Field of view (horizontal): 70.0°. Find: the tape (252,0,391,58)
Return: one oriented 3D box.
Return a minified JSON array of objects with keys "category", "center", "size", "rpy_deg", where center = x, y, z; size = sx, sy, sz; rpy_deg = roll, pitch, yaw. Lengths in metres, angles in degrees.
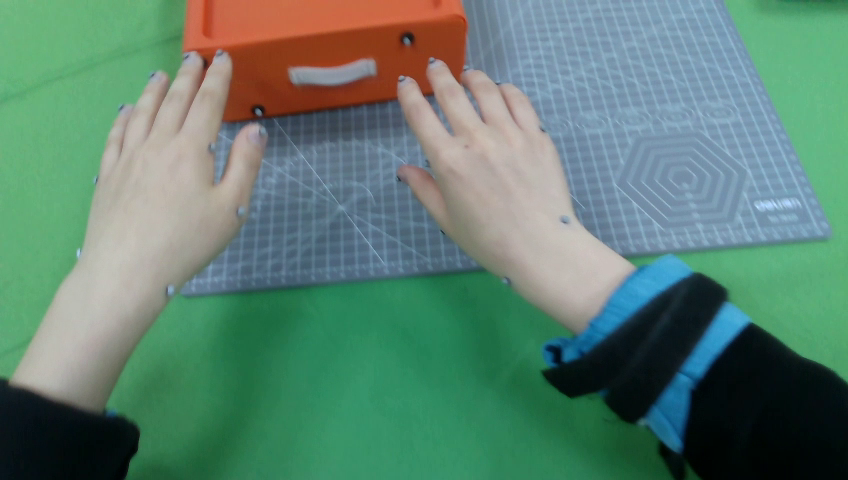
[{"category":"tape","center":[-0.086,-0.212,0.506],"size":[0.117,0.053,0.116],"rpy_deg":[0,62,1]}]

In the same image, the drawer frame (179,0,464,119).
[{"category":"drawer frame","center":[-0.086,-0.213,0.498],"size":[0.202,0.083,0.211],"rpy_deg":[-10,60,-3]}]

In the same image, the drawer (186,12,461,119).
[{"category":"drawer","center":[-0.084,-0.210,0.497],"size":[0.194,0.074,0.209],"rpy_deg":[-10,60,-3]}]
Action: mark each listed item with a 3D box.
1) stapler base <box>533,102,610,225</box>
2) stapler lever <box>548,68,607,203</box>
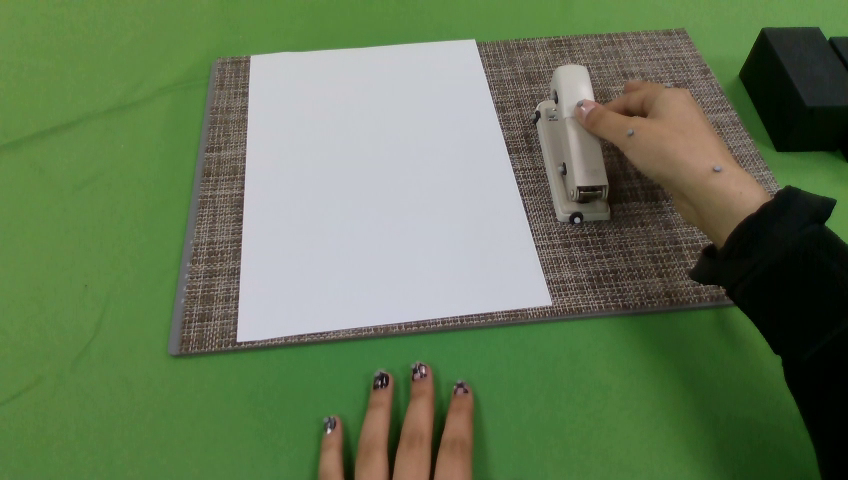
[{"bbox_3d":[0.117,-0.070,0.484,0.041,0.024,0.129,-4,56,1],"label":"stapler base"},{"bbox_3d":[0.117,-0.083,0.463,0.027,0.040,0.117,-4,55,1],"label":"stapler lever"}]
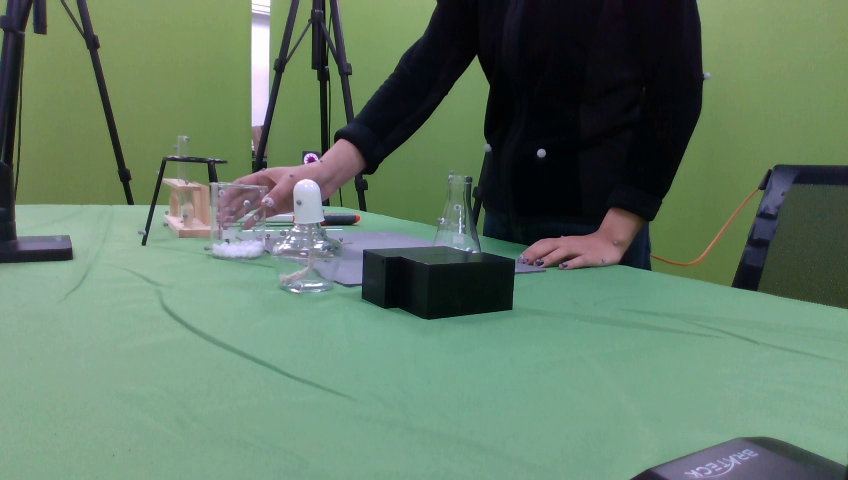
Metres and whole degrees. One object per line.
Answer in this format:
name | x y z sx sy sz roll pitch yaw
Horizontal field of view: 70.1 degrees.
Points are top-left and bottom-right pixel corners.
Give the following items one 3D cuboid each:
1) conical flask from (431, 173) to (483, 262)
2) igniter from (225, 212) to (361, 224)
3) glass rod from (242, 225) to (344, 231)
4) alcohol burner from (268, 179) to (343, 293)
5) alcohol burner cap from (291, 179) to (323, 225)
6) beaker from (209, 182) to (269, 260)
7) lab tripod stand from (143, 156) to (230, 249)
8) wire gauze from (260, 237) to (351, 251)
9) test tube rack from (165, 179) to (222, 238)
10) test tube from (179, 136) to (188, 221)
conical flask | 0.049 -0.033 0.857 0.075 0.122 0.075 2 7 0
igniter | -0.262 -0.044 1.240 0.278 0.025 0.057 -2 -1 -31
glass rod | -0.246 -0.024 1.154 0.201 0.008 0.008 -3 8 -31
alcohol burner | -0.124 -0.005 0.637 0.078 0.119 0.078 4 8 0
alcohol burner cap | -0.124 -0.040 0.632 0.034 0.048 0.034 -3 10 1
beaker | -0.248 -0.027 0.820 0.073 0.100 0.084 9 9 38
lab tripod stand | -0.339 -0.058 0.908 0.148 0.131 0.148 5 7 0
wire gauze | -0.185 0.004 0.938 0.122 0.011 0.124 -1 5 -24
test tube rack | -0.423 -0.062 1.098 0.067 0.085 0.241 -2 9 -28
test tube | -0.425 -0.108 1.070 0.017 0.150 0.017 4 9 0

WHAT YOU NEED TO DO:
In your copy of the records above, include every line exactly but no pictures.

YOUR SOLUTION:
Field of view (horizontal): 70.0°. Find: the tape (252,0,391,58)
Return: one oriented 3D box.
Return a minified JSON array of objects with keys "category", "center", "size", "rpy_deg", where center = x, y, z; size = sx, sy, sz; rpy_deg = roll, pitch, yaw. Lengths in metres, angles in degrees.
[{"category":"tape","center":[-0.086,-0.212,0.506],"size":[0.117,0.053,0.116],"rpy_deg":[0,62,1]}]

In the same image, the drawer frame (179,0,464,119).
[{"category":"drawer frame","center":[-0.086,-0.213,0.498],"size":[0.202,0.083,0.211],"rpy_deg":[-10,60,-3]}]

In the same image, the drawer (186,12,461,119).
[{"category":"drawer","center":[-0.084,-0.210,0.497],"size":[0.194,0.074,0.209],"rpy_deg":[-10,60,-3]}]
Action: mark each listed item with a 3D box.
1) stapler base <box>533,102,610,225</box>
2) stapler lever <box>548,68,607,203</box>
[{"bbox_3d":[0.117,-0.070,0.484,0.041,0.024,0.129,-4,56,1],"label":"stapler base"},{"bbox_3d":[0.117,-0.083,0.463,0.027,0.040,0.117,-4,55,1],"label":"stapler lever"}]
Metres and whole degrees. One object per line.
Answer in this format:
name | x y z sx sy sz roll pitch yaw
Horizontal field of view: 70.1 degrees.
Points are top-left and bottom-right pixel corners.
Give the following items one 3D cuboid each:
1) conical flask from (431, 173) to (483, 262)
2) igniter from (225, 212) to (361, 224)
3) glass rod from (242, 225) to (344, 231)
4) alcohol burner from (268, 179) to (343, 293)
5) alcohol burner cap from (291, 179) to (323, 225)
6) beaker from (209, 182) to (269, 260)
7) lab tripod stand from (143, 156) to (230, 249)
8) wire gauze from (260, 237) to (351, 251)
9) test tube rack from (165, 179) to (222, 238)
10) test tube from (179, 136) to (188, 221)
conical flask | 0.049 -0.033 0.857 0.075 0.122 0.075 2 7 0
igniter | -0.262 -0.044 1.240 0.278 0.025 0.057 -2 -1 -31
glass rod | -0.246 -0.024 1.154 0.201 0.008 0.008 -3 8 -31
alcohol burner | -0.124 -0.005 0.637 0.078 0.119 0.078 4 8 0
alcohol burner cap | -0.124 -0.040 0.632 0.034 0.048 0.034 -3 10 1
beaker | -0.248 -0.027 0.820 0.073 0.100 0.084 9 9 38
lab tripod stand | -0.339 -0.058 0.908 0.148 0.131 0.148 5 7 0
wire gauze | -0.185 0.004 0.938 0.122 0.011 0.124 -1 5 -24
test tube rack | -0.423 -0.062 1.098 0.067 0.085 0.241 -2 9 -28
test tube | -0.425 -0.108 1.070 0.017 0.150 0.017 4 9 0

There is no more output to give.